Filter these entries, keeping only lines that hold the word "hammer".

*** Block opens ***

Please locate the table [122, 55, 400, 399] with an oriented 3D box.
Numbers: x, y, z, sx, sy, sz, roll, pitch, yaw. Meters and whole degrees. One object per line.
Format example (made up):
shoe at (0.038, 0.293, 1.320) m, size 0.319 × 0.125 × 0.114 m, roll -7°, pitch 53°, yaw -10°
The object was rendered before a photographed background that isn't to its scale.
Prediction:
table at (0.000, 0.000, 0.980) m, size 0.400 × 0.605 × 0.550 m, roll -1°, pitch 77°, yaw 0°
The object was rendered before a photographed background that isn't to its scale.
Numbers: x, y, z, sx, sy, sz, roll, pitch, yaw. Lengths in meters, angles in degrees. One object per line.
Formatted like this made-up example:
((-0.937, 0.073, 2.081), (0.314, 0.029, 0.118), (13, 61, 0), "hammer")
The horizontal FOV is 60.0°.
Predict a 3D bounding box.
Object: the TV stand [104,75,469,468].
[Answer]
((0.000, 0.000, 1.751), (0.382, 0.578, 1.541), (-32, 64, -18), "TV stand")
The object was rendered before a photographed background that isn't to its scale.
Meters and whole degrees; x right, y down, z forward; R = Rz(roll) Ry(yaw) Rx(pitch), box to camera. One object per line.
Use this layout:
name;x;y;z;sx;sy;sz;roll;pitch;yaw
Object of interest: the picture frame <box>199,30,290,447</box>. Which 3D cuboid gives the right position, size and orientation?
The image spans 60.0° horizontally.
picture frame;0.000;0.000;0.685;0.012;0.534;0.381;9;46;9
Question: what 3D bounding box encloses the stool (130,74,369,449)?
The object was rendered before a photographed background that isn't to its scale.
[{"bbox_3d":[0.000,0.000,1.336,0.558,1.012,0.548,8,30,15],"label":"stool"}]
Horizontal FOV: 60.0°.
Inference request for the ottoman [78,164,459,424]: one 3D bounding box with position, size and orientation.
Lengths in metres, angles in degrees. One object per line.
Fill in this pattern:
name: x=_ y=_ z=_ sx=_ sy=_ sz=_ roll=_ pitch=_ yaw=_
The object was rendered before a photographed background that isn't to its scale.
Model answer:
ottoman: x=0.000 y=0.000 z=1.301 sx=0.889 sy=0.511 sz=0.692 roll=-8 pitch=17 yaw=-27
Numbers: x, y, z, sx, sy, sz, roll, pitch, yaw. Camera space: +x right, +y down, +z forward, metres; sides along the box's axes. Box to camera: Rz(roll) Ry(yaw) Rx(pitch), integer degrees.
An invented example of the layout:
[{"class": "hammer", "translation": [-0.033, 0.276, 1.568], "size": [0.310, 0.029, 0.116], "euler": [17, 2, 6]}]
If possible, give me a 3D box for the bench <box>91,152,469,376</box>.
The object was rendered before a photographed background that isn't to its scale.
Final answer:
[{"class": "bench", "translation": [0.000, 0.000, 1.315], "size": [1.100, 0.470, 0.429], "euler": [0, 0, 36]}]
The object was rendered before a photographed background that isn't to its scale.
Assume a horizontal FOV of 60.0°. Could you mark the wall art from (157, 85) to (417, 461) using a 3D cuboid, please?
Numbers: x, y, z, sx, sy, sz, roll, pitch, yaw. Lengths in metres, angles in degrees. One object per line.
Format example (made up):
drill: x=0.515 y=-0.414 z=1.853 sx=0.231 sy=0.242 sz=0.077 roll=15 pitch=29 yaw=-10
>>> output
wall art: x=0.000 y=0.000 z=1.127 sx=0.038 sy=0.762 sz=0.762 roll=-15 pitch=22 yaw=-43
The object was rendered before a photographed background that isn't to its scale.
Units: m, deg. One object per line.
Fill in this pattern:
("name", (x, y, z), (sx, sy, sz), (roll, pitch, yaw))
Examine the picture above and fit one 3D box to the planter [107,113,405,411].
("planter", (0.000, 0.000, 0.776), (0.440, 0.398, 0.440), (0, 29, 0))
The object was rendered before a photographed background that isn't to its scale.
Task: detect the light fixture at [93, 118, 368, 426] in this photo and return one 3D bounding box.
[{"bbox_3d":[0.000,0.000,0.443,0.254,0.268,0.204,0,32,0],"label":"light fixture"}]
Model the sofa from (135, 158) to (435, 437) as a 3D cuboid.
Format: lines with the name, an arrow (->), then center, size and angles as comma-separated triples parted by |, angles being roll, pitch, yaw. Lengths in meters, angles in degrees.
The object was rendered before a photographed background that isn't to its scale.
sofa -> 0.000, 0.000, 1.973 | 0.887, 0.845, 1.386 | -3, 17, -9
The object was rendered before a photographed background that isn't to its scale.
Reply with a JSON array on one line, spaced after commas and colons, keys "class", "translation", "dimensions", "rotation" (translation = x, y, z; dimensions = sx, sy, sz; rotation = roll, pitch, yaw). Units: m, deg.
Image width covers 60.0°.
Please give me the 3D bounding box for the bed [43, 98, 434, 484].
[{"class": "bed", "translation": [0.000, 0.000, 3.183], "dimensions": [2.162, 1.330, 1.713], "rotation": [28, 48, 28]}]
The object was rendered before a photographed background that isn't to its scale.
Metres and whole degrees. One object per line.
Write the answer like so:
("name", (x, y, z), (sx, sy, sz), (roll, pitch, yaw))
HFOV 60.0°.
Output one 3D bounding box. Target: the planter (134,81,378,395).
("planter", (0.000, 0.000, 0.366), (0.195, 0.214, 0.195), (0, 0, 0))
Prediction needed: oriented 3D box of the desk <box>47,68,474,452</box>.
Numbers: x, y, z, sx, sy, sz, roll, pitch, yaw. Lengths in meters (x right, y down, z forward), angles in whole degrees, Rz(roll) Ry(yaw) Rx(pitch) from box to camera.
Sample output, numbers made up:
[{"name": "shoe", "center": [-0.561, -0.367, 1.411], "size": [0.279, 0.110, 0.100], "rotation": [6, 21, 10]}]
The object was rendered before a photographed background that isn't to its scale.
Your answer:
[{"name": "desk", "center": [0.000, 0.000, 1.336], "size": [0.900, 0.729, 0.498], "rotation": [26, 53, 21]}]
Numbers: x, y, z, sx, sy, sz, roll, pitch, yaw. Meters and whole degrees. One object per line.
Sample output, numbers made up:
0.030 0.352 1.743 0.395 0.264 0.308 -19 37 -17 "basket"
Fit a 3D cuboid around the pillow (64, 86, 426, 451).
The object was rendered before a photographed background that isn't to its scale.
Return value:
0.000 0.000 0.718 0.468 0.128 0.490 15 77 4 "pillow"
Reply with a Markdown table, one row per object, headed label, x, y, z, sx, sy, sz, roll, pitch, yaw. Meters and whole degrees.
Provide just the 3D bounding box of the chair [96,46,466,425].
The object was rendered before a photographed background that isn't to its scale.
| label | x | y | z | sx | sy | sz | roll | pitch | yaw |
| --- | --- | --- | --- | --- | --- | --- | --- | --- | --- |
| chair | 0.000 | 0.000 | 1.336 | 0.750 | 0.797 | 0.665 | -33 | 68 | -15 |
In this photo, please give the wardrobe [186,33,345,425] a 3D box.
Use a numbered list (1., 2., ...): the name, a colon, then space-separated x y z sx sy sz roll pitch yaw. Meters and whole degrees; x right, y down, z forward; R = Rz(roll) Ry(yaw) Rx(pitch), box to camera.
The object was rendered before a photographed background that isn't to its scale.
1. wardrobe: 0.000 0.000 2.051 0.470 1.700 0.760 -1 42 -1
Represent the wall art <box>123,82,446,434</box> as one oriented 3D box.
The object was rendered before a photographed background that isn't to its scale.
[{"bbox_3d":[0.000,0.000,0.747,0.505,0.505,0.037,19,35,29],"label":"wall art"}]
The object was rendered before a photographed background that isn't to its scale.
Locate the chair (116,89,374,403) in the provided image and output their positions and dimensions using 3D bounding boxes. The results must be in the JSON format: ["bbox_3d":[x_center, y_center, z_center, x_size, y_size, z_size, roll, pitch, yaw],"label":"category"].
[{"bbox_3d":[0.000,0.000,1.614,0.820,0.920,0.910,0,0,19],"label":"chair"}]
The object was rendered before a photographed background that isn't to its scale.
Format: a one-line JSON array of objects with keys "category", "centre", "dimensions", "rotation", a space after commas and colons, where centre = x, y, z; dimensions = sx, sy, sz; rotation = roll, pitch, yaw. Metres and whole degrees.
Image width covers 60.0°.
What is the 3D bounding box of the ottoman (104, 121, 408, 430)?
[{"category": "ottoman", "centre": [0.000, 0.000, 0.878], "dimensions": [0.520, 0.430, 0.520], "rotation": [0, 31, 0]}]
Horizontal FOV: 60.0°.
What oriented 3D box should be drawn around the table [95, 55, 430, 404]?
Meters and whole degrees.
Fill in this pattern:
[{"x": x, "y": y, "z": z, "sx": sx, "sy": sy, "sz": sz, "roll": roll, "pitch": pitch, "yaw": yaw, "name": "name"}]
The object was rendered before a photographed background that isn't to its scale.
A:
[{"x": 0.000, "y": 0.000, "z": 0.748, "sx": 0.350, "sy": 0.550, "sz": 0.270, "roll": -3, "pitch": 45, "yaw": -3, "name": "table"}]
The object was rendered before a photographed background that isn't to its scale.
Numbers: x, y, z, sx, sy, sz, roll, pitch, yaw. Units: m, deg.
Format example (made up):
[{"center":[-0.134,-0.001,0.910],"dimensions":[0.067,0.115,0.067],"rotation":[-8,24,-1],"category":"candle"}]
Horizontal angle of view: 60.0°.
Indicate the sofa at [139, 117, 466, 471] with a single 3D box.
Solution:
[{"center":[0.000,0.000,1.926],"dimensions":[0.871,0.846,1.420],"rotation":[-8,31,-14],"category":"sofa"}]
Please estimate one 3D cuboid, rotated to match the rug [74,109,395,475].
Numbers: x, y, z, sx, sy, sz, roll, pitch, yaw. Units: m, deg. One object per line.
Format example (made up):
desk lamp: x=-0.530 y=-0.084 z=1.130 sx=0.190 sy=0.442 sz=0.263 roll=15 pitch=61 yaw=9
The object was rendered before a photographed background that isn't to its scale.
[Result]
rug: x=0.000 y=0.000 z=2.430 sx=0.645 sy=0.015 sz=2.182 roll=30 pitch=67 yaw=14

*** Block closes ***

> OUTPUT OF THE EXERCISE
((-0.937, 0.073, 2.081), (0.314, 0.029, 0.118), (13, 61, 0), "hammer")
[{"class": "hammer", "translation": [-0.033, 0.276, 1.568], "size": [0.310, 0.029, 0.116], "euler": [17, 2, 6]}]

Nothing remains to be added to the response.